A 17 ans à peine, Camélia Jordana, ex-fiancée de la Nouvelle star, sort un premier album qu’elle a souhaité sans concession. Un disque automnal idéal pour l’été.
Les méchantes langues vous diront que l’histoire était cousue de fil (dentaire) blanc : Camélia Jordana, 17 ans et bourrée de talent, maverick de l’édition 2009 de la Nouvelle star, déboule avec un premier album plutôt dissonant, qui lorgne plus sur le rayon indé que sur le facing “Leclerc Musique”.

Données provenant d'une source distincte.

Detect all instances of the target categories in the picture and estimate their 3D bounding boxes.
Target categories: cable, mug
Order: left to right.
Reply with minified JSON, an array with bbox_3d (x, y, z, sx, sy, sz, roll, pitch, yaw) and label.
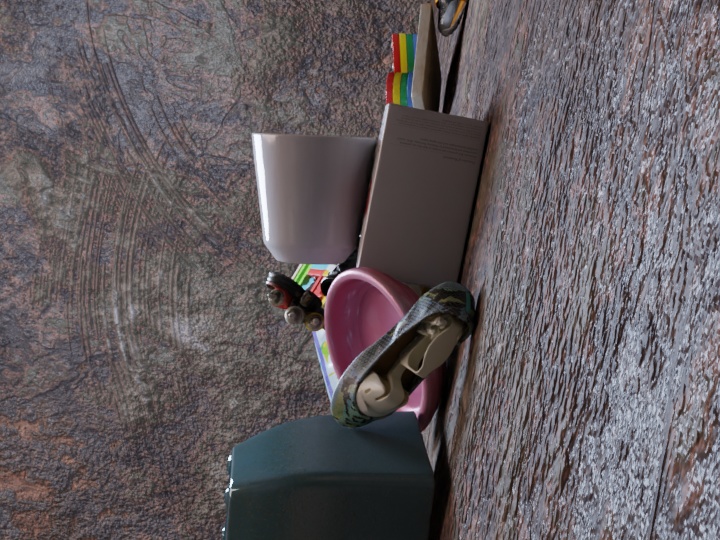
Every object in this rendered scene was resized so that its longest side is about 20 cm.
[{"bbox_3d":[-0.073,0.054,1.704,0.050,0.097,0.200,-55,-14,-8],"label":"cable"},{"bbox_3d":[-0.044,-0.088,1.641,0.149,0.186,0.153,7,97,46],"label":"mug"}]

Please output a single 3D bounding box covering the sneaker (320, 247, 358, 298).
[{"bbox_3d":[0.000,0.000,1.697,0.071,0.098,0.201,-45,33,50],"label":"sneaker"}]

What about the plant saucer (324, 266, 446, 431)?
[{"bbox_3d":[0.033,0.089,1.527,0.200,0.051,0.201,34,134,45],"label":"plant saucer"}]

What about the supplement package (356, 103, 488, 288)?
[{"bbox_3d":[0.069,-0.087,1.591,0.121,0.120,0.200,-97,18,-85],"label":"supplement package"}]

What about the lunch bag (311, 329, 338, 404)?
[{"bbox_3d":[0.001,0.114,1.953,0.200,0.127,0.170,115,141,-69],"label":"lunch bag"}]

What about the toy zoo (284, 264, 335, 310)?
[{"bbox_3d":[-0.045,0.003,1.923,0.131,0.020,0.200,-59,21,-10],"label":"toy zoo"}]

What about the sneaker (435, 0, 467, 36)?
[{"bbox_3d":[0.145,-0.485,2.263,0.078,0.077,0.200,113,166,-73],"label":"sneaker"}]

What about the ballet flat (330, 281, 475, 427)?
[{"bbox_3d":[0.041,0.096,1.357,0.200,0.074,0.074,-52,11,19],"label":"ballet flat"}]

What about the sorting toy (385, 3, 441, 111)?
[{"bbox_3d":[0.088,-0.309,2.282,0.199,0.069,0.200,76,-162,-57],"label":"sorting toy"}]

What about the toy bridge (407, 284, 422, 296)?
[{"bbox_3d":[0.049,-0.005,1.776,0.067,0.027,0.200,100,151,-60],"label":"toy bridge"}]

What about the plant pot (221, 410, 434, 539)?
[{"bbox_3d":[-0.042,0.259,1.394,0.196,0.200,0.196,-106,22,-75],"label":"plant pot"}]

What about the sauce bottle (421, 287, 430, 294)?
[{"bbox_3d":[0.077,-0.025,1.883,0.065,0.065,0.200,-82,1,-51],"label":"sauce bottle"}]

On voit déjà la tête des opposants, le cheveu gras et la foi mauvaise : “Mais ouais, mais les mecs ils calibrent tout aujourd’hui, c’est du sur mesure pour les bobos, ta chanteuse, et toi tu te fais avoir comme un naze.” Oui, je me fais avoir, et j’en redemande. Camélia Jordana, c’est un peu la fille cachée de Joe Dassin : une petite nana qui chante avec une jolie nonchalance, en jouant avec la ligne de variétoche (pas d’Adamo-Camélia donc). Qui se nourrit d’influences anglosaxonnes même entre les repas, en s’appuyant sur une écriture en VF généreuse, qui ne renie jamais sa fragilité.

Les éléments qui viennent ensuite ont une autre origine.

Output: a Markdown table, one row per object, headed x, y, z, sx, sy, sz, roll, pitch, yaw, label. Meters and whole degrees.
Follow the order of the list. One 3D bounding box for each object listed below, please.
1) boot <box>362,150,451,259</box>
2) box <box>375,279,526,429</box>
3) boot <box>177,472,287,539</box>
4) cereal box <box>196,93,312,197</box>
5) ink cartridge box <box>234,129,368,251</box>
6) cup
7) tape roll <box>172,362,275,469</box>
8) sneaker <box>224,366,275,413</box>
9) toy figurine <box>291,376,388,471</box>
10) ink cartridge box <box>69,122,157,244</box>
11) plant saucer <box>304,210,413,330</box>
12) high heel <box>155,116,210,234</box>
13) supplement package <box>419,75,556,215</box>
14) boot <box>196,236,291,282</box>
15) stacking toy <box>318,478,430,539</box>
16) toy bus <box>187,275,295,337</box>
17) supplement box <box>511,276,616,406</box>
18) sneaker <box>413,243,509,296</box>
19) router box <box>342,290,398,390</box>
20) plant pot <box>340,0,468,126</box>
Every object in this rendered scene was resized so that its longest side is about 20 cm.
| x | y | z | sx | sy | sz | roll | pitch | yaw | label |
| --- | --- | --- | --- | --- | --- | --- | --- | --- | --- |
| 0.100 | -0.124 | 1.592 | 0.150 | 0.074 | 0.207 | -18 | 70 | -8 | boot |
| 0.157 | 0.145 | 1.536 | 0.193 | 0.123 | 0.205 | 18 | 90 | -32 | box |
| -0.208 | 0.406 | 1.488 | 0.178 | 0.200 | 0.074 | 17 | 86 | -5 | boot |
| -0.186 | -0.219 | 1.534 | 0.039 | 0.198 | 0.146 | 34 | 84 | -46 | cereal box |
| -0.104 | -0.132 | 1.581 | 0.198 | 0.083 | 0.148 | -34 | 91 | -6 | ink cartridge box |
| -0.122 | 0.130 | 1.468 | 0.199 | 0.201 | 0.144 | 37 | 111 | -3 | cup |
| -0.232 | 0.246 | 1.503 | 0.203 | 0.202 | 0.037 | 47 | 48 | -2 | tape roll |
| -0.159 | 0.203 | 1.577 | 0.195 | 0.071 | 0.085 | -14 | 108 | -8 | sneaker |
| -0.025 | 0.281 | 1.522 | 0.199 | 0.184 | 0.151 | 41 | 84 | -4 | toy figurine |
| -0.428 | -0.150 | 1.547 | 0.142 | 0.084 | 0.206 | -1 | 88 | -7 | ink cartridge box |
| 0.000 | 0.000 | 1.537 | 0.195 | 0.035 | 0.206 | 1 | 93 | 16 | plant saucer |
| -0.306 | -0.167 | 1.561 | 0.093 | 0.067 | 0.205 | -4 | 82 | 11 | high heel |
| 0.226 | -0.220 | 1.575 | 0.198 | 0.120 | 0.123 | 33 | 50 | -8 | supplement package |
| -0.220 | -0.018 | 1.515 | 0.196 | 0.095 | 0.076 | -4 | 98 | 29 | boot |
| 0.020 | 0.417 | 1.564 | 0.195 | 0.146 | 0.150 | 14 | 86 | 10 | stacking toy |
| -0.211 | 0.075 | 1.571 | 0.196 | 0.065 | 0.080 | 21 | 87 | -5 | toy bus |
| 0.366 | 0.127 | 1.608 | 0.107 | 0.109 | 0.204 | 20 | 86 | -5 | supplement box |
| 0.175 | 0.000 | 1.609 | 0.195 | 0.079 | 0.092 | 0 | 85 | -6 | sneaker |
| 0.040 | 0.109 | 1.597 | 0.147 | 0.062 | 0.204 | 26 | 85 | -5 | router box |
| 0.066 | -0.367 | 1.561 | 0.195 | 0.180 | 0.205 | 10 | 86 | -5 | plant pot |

Ce premier album très réussi, c’est surtout une volonté d’envisager la chanson française avec ambition, avec une énorme envie de la faire enfin sonner pour les jeunes gens modernes – et non pas leurs grands-parents. La grande force de Camélia Jordana, c’est d’avoir voulu, pour ce premier album sans concession, ouvrir ses portes (et son “univers”, comme disait Dove Attia) à une troupe de songwriters postés loin de la trop fameuse “nouvelle chanson française”. Des gens capables de choper l’image de cette ni geek ni soumise, et de la fixer juste à côté de l’époque, sans démagogie ni facilité.
On pense à Doriand, La Fiancée et Edgard Ficat, à l’oeuvre sur le tube Non non non (écouter Barbara), à Mathieu Boogaerts (l’élastique Moi c’est) ou encore à Séverin (La Vie en solitaire, Le Mois d’août) et AbEL K1, auteur de Calamity Jane, la plus belle chanson de l’album, sur laquelle Camélia enfile sans sourciller les cuissardes de Cat Power.
Sur ce premier disque automnal, très contemporain mais loin du groove urbain et syndical de Kate Nash et de Lily Allen – “tout le monde voulait me caser là” –, les filles sont des héroïnes par défaut, qui dansent un peu devant le miroir de leur chambre et téléchargent des vieux tubes folk en attendant le prince charmant, coincées dans leurs grosses Nike AirForce.
L’ambiance n’est certes pas toujours à la fête, mais la vie se déroule avec beaucoup de réalisme, loin des jeux de rôle et de langage qui plombent trop souvent la chanson d’ici. “J’avais envie de tenter quelque chose, d’apporter un truc un peu nouveau, en toute humilité.” C’est réussi. Camélia Jordana, c’est Camille qui aurait vu le dingologue, Keren Ann en moins avachie, ou Françoiz Breut qui aurait enfin pris son abonnement Freebox. A cela s’ajoute une volonté d’en découdre avec le haut des charts sans forcément porter le tanga au-dessus du jean. “J’avoue que je suis très contente d’être devant une meuf comme Lady Gaga, plaisante Camélia Jordana. Mais là où je suis plutôt heureuse, c’est que j’ai le sentiment de n’avoir fait sur mon disque aucun effort pour cela”, conclut-elle en s’amusant d’être à la fois sur la couve de Télé Poche et sur celle de Libé.
A 17 ans à peine, l’ex-outsideuse de la Nouvelle star dit souvent “mortel” et écoute Devendra Banhart en boucle (“le mec a tout compris”), avoue son admiration pour Christophe Honoré, Edouard Baer, Daft Punk, Phoenix et Amel Bent, tout en vous faisant écouter au iPod un vieux Tom Waits qui vous avait échappé – elle l’a découvert grâce au mode shuffle. Bref, c’est une chouette fille de son âge mais pas trop, qui a décidé de ne pas chanter comme Françoise Hardy, en se fiant à ses propres astres.